What is expected — The answer should be each line from the entries below that has the word "high" in it.
-=-=-=-=-
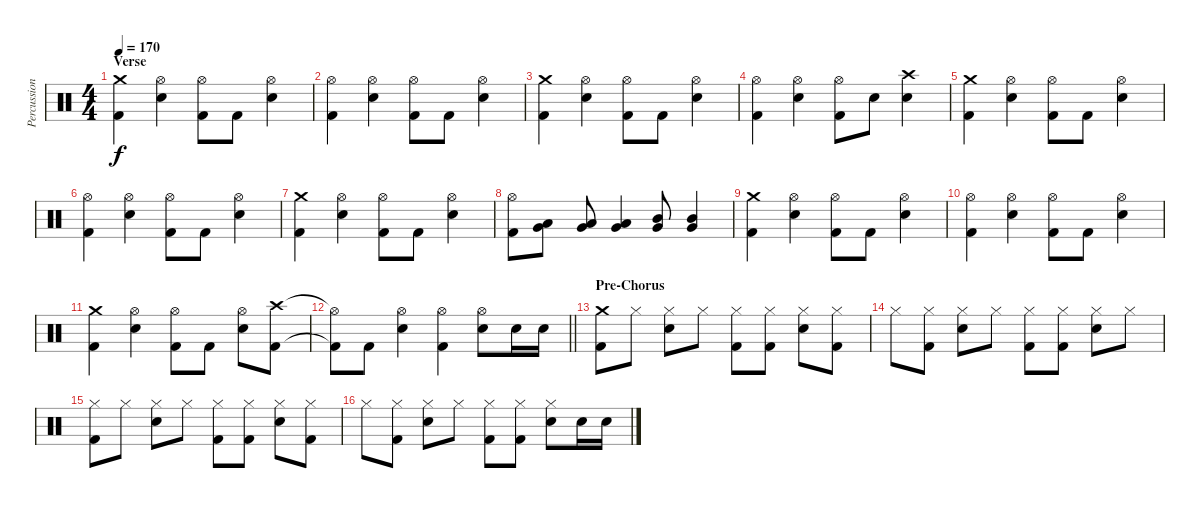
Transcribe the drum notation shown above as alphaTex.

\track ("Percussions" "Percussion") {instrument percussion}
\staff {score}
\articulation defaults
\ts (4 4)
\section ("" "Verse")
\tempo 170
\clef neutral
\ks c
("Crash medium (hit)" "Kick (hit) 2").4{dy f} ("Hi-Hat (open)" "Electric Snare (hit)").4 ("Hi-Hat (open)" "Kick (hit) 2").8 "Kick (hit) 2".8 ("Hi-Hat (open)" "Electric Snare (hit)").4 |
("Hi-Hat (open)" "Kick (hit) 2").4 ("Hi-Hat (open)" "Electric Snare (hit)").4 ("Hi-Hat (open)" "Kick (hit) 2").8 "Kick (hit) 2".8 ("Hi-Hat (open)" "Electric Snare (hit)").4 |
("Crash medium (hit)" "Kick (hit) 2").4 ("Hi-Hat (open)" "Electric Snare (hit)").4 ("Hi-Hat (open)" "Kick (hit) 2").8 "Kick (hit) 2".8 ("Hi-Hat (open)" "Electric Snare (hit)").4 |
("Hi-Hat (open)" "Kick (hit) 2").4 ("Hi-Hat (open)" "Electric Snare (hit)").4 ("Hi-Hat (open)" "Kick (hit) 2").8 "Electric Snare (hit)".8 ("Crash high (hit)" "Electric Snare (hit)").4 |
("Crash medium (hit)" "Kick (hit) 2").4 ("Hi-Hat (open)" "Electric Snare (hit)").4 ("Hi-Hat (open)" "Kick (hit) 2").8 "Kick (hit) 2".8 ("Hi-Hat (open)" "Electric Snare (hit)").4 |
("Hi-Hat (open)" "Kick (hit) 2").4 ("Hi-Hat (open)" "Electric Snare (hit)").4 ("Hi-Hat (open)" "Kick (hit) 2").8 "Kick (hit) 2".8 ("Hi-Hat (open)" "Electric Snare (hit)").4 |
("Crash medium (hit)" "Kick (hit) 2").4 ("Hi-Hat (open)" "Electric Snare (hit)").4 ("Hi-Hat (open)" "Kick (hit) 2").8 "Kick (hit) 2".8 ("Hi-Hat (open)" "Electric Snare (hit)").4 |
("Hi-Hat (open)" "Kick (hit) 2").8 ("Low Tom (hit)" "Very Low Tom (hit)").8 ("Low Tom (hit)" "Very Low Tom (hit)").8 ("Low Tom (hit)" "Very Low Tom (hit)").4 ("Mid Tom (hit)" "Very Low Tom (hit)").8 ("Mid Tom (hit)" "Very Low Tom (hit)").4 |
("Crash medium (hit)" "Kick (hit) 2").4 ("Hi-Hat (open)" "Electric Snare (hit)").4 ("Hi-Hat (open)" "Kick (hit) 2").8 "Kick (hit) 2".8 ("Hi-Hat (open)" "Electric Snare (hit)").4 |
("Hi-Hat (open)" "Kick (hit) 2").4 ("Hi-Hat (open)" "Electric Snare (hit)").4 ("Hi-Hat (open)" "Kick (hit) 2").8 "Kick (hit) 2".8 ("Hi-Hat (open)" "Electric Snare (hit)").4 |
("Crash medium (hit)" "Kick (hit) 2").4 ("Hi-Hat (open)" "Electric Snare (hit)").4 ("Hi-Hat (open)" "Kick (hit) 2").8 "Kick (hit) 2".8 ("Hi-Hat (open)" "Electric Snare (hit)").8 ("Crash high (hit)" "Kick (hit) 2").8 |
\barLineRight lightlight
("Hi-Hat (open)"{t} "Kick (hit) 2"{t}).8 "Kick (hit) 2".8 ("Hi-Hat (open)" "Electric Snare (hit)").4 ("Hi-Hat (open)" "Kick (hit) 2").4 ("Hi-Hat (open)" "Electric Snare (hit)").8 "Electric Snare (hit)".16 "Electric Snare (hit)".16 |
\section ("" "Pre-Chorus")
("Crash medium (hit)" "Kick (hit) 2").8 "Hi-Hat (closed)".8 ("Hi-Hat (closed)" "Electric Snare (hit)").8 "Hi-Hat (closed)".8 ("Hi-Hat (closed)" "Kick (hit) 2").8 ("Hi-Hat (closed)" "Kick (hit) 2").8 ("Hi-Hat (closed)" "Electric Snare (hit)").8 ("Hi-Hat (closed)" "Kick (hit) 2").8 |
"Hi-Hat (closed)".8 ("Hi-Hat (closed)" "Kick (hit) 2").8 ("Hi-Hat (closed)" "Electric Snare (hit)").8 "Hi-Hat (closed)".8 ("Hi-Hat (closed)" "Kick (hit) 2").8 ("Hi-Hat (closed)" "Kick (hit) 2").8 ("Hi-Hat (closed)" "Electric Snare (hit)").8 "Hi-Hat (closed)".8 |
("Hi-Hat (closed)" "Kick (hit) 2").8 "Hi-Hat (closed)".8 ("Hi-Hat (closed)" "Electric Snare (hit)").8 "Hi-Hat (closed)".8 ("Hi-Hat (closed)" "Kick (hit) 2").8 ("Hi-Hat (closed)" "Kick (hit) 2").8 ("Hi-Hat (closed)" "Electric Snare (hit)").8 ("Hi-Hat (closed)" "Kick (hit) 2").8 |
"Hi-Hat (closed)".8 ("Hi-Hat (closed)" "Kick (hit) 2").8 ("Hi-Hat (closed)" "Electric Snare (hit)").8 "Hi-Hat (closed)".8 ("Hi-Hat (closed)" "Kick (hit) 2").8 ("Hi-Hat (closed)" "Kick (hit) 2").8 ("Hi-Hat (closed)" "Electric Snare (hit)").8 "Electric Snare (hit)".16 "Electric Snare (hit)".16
-=-=-=-=-
Worked solution —
("Hi-Hat (open)" "Kick (hit) 2").4 ("Hi-Hat (open)" "Electric Snare (hit)").4 ("Hi-Hat (open)" "Kick (hit) 2").8 "Electric Snare (hit)".8 ("Crash high (hit)" "Electric Snare (hit)").4 |
("Crash medium (hit)" "Kick (hit) 2").4 ("Hi-Hat (open)" "Electric Snare (hit)").4 ("Hi-Hat (open)" "Kick (hit) 2").8 "Kick (hit) 2".8 ("Hi-Hat (open)" "Electric Snare (hit)").8 ("Crash high (hit)" "Kick (hit) 2").8 |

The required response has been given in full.